Compare this to NCAA Division I men’s basketball.  There are currently 345 teams, also organized into conferences (32 this year).  A typical NCAA basketball team plays approximately 30 regular season games, with about half of them against non-conference foes.  In fact, many top teams schedule at least a half-dozen non-conference games against other top-50 teams.  With such a large number of non-conference games available as evidence, and a post-season tournament that includes 68 teams, it is not difficult at all for a national consensus polling system to precisely select all of the top 25 teams for the tournament.  In other words, even if two experts disagree on nearly every pick for the top 25, it’s virtually certain that all of their picks will have a chance to earn the national championship on the court.  I am not saying the NCAA Division I basketball tournament selection process is flawless, nor am I saying that the FBS needs to have a 32- or 64-team playoff - I am merely pointing out that the expert polling system is a viable option for identifying top basketball teams, but not a good system for football because of the significant differences in how the regular seasons are set up.


Saturday, August 4, 2012

A short summary of the controversy

The argument about how to choose a college football national champion has been waged for decades.  At the highest level of college football (known as the Football Bowl Subdivision (FBS) since 2006, and Division I-A prior to that), a national champion has been named by some form of consensus since 1883.  Controversy has existed since at least 1925, when the Helms Foundation selected Alabama as the champion and the Dickinson System selected Dartmouth.  There have been split-champions at least 17 more times since 1925, most recently in 2003 when Louisiana State and Southern Cal shared the honors. 

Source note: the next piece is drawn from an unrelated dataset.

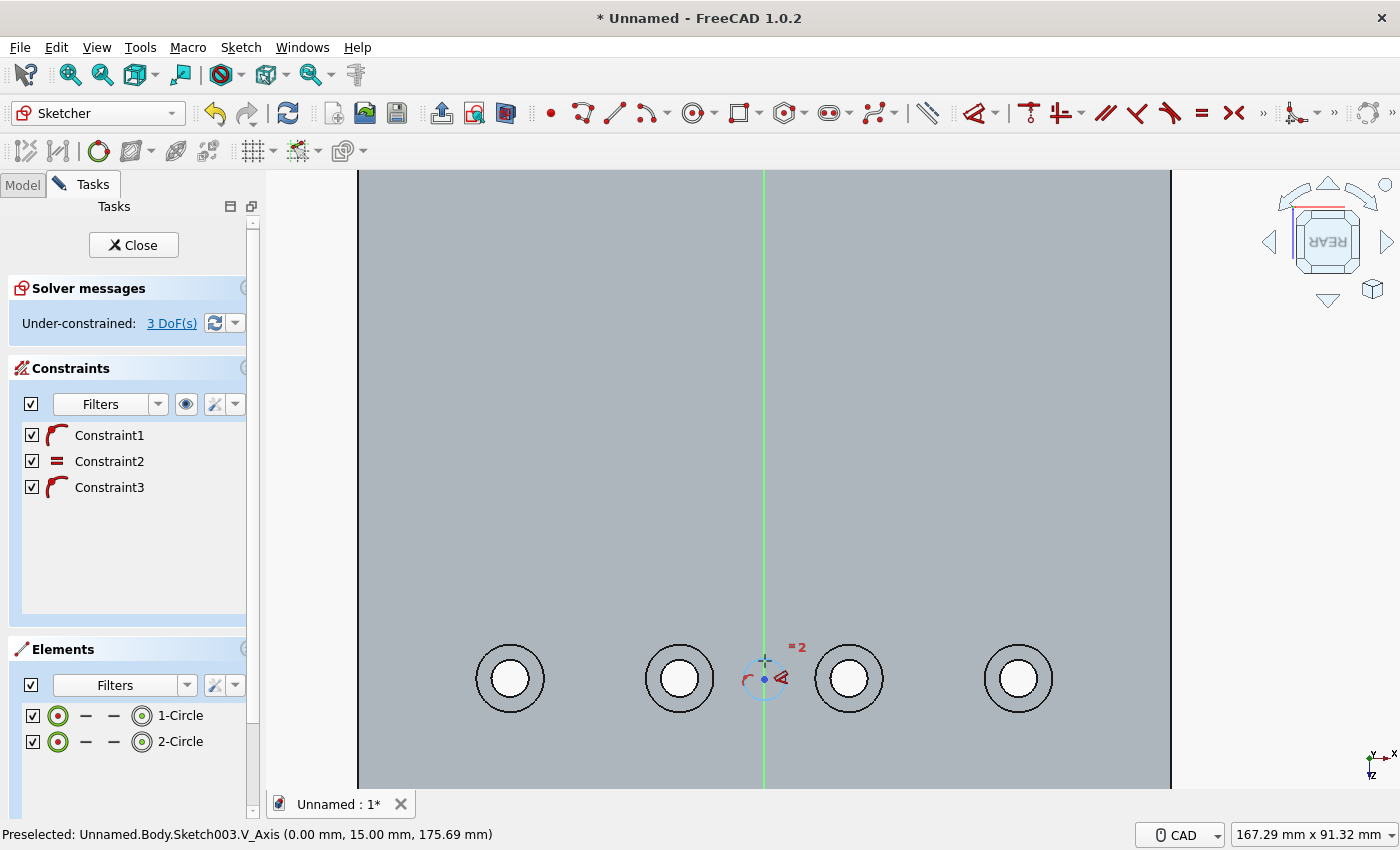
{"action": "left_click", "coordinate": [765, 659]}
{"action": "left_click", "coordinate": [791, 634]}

Examples of other ambiguous championships include 1947, when the AP first selected 9-0 Notre Dame prior to the bowl season, and then reversed itself after bowl season to select 10-0 Michigan after they won the Rose Bowl (compared to Notre Dame which did not participate in bowl games at the time).  In 1975, Arizona St finished 12-0, defeating Nebraska in the Fiesta Bowl, but finished second in the national championship to 11-1 Oklahoma.  In 1977, five teams finished the bowl season with 11-1 records.  Alabama fans cried foul when their previously ranked #3 team, and easy winner of the Sugar Bowl, was leap-frogged by the regular season #5 team Notre Dame, which had handily beaten #1 Texas in the Cotton Bowl.  A similar situation occurred in 1983 when #5 Miami beat # 1 Nebraska in the Orange Bowl, jumping over #3 Auburn, which won the Sugar Bowl.  The Division I-A national championship is littered with multiple other controversies during the 20th century.

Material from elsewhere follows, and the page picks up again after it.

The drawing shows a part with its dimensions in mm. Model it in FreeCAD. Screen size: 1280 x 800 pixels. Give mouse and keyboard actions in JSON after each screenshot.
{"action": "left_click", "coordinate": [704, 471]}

Why does such a long history of controversy exist?  There are many contributing factors, but the primary reason is that the FBS is the only NCAA-sponsored sport without an organized tournament to determine its champion.  In 1998, after 9 consecutive years of disputes in which one conference after another felt they were cheated out of a national champion because of the existing bowl agreements, the Bowl Championship Series (BCS) was born.  The BCS was supposed to end all controversy by finally giving the top two teams an opportunity to play each other in a final game of the year.  Unfortunately for the architects of the BCS system, they did not anticipate the difficulty involved in determining which teams were the top two, so the controversy has continued.  Examples include the 2006 season, when Boise St completed the regular season 12-0 and was not invited to play the only other undefeated team Ohio St, and the 2008 season, when 12-1 Florida defeated 12-1 Oklahoma, but undefeated Utah was not deemed worthy to play either team.